**ASSIGNMENT:** Retype, word for word, each line between the lines holding "#22 person (376, 392, 406, 529)" and "frying pan: x=0.014", inclusive, and leave the rest of the data alone.
------------------------------------------------------------------------
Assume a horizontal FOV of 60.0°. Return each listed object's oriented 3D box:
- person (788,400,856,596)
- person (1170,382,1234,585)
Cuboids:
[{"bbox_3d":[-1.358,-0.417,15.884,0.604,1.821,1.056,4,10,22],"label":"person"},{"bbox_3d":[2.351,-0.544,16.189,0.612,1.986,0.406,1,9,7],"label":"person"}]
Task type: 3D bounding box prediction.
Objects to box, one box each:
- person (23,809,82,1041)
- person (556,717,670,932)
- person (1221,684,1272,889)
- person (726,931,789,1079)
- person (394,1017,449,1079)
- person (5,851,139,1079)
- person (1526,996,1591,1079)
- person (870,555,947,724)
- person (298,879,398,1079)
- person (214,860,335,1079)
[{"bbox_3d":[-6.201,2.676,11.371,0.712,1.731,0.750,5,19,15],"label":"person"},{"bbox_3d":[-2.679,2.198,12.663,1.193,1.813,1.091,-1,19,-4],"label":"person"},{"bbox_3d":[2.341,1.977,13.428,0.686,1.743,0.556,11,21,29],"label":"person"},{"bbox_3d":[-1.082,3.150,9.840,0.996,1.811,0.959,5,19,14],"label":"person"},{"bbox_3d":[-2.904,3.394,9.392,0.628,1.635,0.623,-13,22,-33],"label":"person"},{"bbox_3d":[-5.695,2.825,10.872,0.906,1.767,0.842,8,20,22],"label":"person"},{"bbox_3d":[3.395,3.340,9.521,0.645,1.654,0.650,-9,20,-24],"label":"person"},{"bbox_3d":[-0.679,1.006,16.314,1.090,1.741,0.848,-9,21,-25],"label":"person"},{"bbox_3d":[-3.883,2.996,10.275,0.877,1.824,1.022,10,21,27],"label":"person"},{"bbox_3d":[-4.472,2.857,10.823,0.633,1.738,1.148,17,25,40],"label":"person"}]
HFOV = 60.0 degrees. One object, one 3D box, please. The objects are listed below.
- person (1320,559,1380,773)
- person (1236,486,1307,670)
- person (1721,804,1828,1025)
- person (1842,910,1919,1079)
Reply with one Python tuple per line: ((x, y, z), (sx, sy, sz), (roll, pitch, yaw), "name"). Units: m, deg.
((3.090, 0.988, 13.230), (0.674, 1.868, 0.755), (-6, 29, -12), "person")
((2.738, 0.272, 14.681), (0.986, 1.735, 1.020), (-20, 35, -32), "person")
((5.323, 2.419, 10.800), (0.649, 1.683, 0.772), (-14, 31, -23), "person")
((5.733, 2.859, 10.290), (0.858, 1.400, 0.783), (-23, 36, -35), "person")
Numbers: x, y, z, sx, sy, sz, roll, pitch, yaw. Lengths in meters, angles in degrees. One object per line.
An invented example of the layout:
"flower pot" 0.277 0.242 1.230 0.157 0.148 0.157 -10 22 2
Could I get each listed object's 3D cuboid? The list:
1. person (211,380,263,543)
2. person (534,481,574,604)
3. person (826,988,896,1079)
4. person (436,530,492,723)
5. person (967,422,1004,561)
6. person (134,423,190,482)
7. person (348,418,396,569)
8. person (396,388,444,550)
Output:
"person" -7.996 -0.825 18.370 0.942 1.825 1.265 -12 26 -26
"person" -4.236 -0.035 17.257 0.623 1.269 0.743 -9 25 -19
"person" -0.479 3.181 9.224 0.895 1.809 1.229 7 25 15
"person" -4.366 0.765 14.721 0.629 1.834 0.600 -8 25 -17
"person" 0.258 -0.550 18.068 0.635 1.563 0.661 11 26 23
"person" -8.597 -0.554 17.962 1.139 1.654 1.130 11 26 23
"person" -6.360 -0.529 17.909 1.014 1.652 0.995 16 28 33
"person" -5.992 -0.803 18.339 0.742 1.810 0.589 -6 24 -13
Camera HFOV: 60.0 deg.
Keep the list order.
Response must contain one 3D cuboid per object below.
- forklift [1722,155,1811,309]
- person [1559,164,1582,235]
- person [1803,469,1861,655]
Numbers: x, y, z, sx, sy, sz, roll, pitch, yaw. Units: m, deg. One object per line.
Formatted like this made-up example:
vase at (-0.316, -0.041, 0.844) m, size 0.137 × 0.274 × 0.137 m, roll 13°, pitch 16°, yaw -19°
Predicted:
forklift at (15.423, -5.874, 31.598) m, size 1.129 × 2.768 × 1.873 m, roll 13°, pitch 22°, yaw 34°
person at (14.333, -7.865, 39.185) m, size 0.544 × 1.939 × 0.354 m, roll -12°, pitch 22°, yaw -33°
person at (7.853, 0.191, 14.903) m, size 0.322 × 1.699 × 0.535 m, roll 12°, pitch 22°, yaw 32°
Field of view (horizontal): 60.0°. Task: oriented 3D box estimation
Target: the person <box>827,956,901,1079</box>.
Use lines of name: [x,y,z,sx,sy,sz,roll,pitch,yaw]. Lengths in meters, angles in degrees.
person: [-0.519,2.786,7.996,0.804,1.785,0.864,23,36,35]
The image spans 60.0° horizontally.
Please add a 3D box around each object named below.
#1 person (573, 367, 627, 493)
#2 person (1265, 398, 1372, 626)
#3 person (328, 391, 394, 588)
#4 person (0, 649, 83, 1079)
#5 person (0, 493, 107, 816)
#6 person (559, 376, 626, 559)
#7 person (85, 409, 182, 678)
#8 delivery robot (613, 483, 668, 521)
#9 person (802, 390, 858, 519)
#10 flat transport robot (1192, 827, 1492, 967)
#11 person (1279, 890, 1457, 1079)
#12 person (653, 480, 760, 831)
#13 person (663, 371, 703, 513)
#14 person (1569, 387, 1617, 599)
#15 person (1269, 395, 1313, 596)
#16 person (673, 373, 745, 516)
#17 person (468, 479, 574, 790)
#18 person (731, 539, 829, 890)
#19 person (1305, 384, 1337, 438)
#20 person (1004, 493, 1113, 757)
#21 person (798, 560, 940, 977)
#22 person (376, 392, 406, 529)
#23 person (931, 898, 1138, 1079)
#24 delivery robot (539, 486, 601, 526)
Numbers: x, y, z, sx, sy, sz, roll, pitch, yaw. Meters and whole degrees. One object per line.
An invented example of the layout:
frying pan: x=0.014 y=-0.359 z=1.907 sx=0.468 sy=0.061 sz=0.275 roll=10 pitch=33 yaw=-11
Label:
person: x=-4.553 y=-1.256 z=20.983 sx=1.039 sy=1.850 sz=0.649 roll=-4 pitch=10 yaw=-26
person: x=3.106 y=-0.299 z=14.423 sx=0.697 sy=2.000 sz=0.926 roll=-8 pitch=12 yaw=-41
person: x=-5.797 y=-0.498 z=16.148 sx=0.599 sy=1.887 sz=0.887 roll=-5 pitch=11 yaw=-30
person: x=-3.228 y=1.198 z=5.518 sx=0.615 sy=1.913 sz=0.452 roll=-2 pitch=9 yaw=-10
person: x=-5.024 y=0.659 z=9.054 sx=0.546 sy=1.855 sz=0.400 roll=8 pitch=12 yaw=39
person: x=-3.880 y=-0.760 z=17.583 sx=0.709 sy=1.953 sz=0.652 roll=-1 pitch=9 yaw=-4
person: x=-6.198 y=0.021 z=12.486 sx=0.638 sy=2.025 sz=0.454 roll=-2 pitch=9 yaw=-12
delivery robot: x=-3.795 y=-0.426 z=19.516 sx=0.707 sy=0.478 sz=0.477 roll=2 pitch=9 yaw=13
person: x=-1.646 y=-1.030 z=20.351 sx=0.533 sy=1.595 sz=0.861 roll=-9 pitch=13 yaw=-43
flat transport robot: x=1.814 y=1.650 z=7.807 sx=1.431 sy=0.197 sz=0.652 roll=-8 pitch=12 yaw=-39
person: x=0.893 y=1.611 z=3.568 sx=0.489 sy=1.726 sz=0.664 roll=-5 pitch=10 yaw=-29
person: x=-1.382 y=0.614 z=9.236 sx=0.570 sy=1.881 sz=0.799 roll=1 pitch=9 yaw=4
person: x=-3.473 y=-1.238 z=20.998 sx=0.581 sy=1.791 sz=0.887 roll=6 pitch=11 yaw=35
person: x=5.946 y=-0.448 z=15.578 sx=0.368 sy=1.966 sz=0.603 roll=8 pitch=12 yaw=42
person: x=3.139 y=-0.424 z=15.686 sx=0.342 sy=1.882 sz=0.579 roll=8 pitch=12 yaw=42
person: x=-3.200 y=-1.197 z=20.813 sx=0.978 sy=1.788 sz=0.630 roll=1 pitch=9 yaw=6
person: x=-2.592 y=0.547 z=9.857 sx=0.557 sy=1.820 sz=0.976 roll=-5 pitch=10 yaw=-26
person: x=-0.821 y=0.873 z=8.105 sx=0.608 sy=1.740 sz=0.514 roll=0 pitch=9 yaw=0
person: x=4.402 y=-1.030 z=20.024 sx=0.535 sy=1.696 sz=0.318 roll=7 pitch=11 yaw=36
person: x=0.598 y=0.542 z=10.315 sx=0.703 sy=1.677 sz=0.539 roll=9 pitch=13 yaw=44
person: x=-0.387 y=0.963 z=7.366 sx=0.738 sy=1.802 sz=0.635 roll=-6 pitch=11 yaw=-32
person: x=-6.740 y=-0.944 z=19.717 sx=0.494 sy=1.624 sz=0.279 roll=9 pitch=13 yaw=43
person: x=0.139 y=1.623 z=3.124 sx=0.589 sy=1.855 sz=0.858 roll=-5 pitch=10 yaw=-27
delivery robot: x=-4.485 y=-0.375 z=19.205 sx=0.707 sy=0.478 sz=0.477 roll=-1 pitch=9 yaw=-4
------------------------------------------------------------------------
**TASK OUTPUT:**
#22 person (376, 392, 406, 529)
#23 person (931, 898, 1138, 1079)
#24 delivery robot (539, 486, 601, 526)
Numbers: x, y, z, sx, sy, sz, roll, pitch, yaw. Meters and whole degrees. One object per line.
An invented example of the layout:
frying pan: x=0.014 y=-0.359 z=1.907 sx=0.468 sy=0.061 sz=0.275 roll=10 pitch=33 yaw=-11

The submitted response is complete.